Depressionen sind oft die Ursache
Dass Frauen häufiger unter Schlafstörungen leiden, liegt laut Riemann vermutlich daran, dass sie vermehrt an Depressionen leiden. "Ein- und Durchschlafstörungen sind ein typisches Symptom für Depressionen", sagt der Wissenschaftler. Aber auch die Doppelbelastung bei Frauen in Beruf und Kindererziehung oder die Pflege von Familienangehörigen kann zu regelmäßigen Schlafstörungen führen.
Viele chronisch Schlafgestörte gehen aber nicht zum Arzt, sondern greifen zu Schlafmitteln. Laut Arzneiverordnungsreport gaben die Deutschen im Jahr 2002 rund 104 Millionen Euro für klassische Schlafmittel wie die so genannten Benzodiazepine aus. Zwar ist der Schlafmittelverbrauch seit etwa zehn Jahren rückläufig. Laut Riemann gibt es aber Daten aus den USA, die darauf hinweisen, dass Patienten statt der klassischen Schlafmittel häufiger Antidepressiva einnehmen. Diese könnten ebenfalls zu einem besseren Schlaf führen. Grundsätzlich gibt es bei den Medikamenten aber ein Problem: Werden die Schlafmittel nicht mehr genommen, treten 90 Prozent der chronischen Schlafstörungen wieder auf.
Tipps für Schlaflose
"Besser ist es, auf eine richtige Schlafhygiene zu achten", betont Schlafforscher Thomas Penzel von der Universität Marburg. So sollte auf Alkohol, Nikotin, Cola oder Tee vor dem Zubettgehen verzichtet werden. Auch die Schlafumgebung kann einen guten Schlaf begünstigen. Frische Luft und ein kühles abgedunkeltes Zimmer fördern den Schlaf. "Das Bett sollte auch nur zum Schlafen genutzt werden", sagt Penzel.
Regelmäßige Zubettgehzeiten stellen den Körper auf einen geregelten Schlaf-Wach-Rhythmus ein.
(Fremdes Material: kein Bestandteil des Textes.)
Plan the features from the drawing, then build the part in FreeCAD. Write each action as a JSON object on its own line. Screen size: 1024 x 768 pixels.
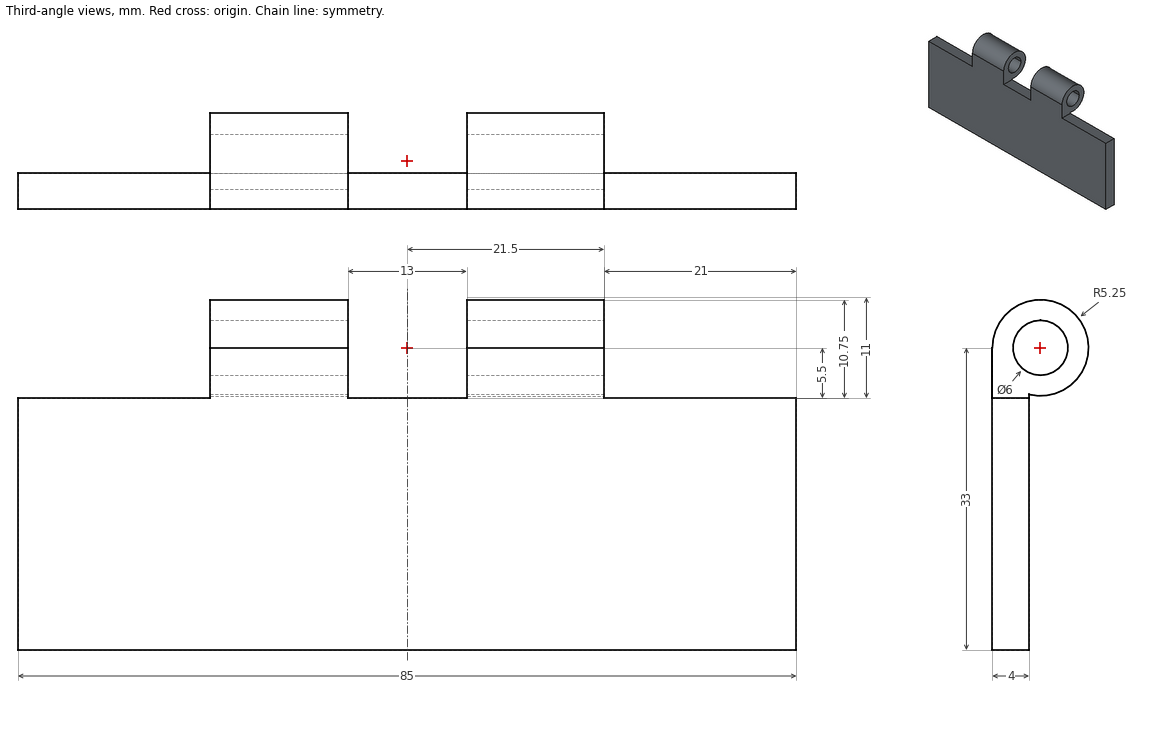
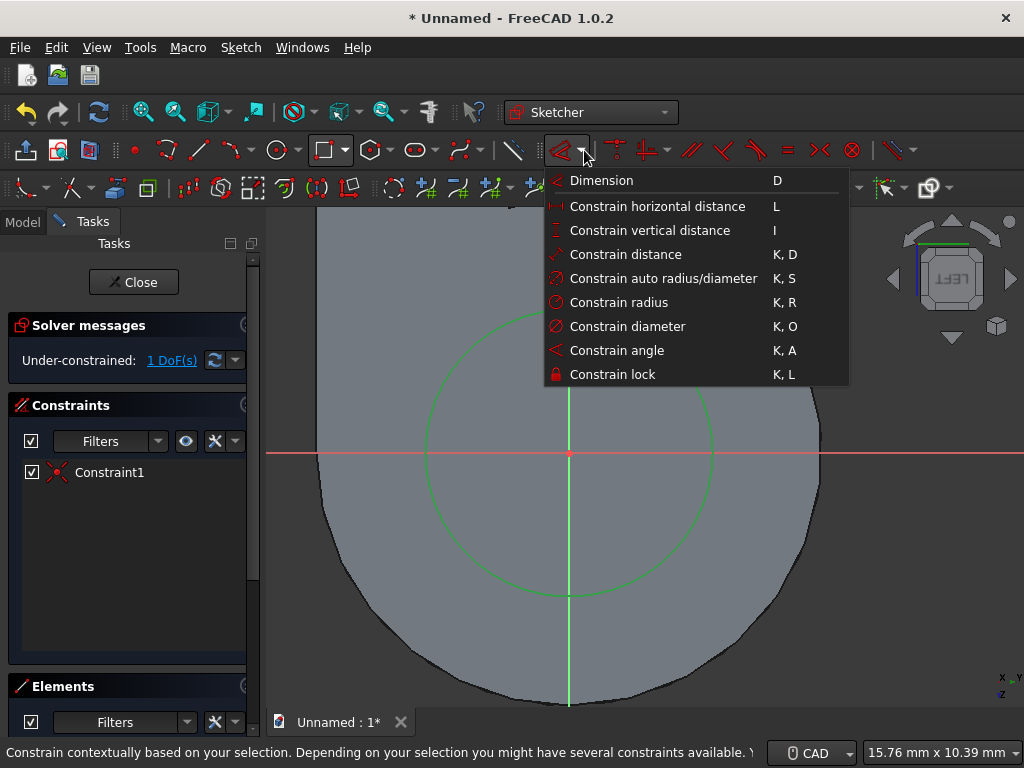
{"action": "left_click", "coordinate": [697, 326]}
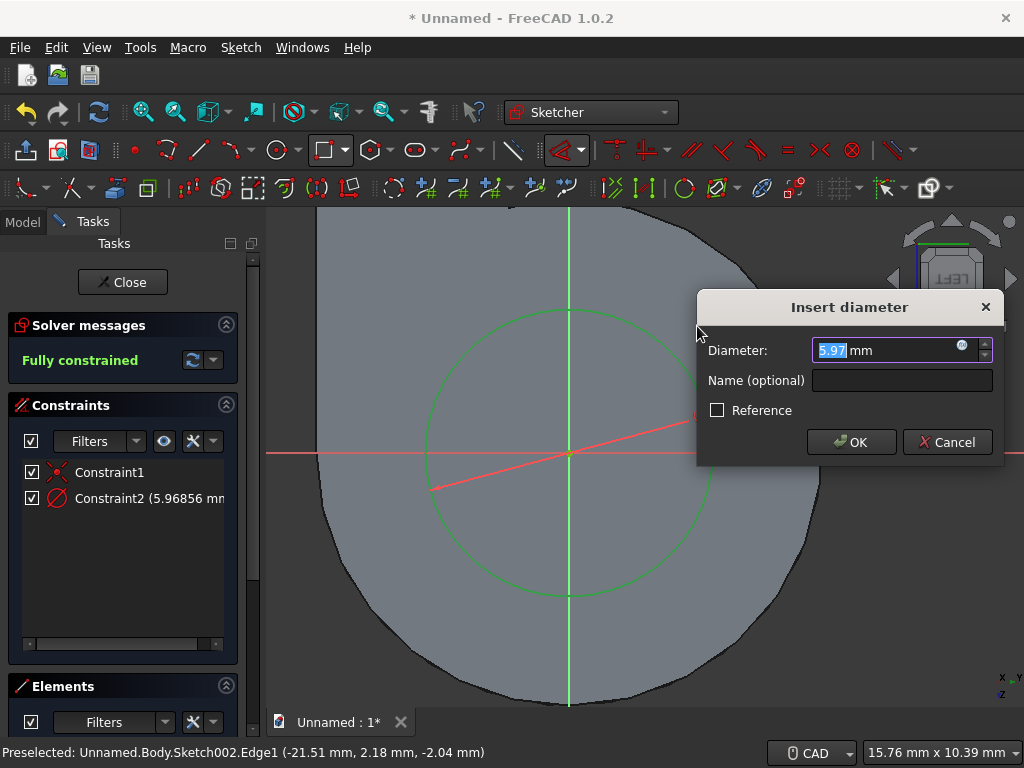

Liegt man trotzdem wach im Bett, sollte man lieber wieder aufstehen. Vor allem Kinder sollten nicht vor dem Schlafen zu lange vor dem Computer oder Fernseher sitzen. "Je mehr Medien konsumiert werden, desto schlechter ist der Schlaf", sagt Riemann.
Helfen die Schlaftipps nicht, raten die Experten zu einer Gruppentherapie. Dort lernen die Patienten in 90-minütigen Sitzungen Entspannungsübungen, Tipps zur Schlafhygiene oder wie sie ihren Schlaf wieder in einen regelmäßigen Rhythmus bringen können. "Wichtig ist, keinen Alkohol vor dem Schlafen zu trinken und nachts nicht auf die Uhr zu schauen", sagt Riemann. Der Blick auf den Wecker erhöhe nur den Druck, endlich einzuschlafen. „Stattdessen bleibt man dann aber erst recht wach", weiß der Schlafforscher.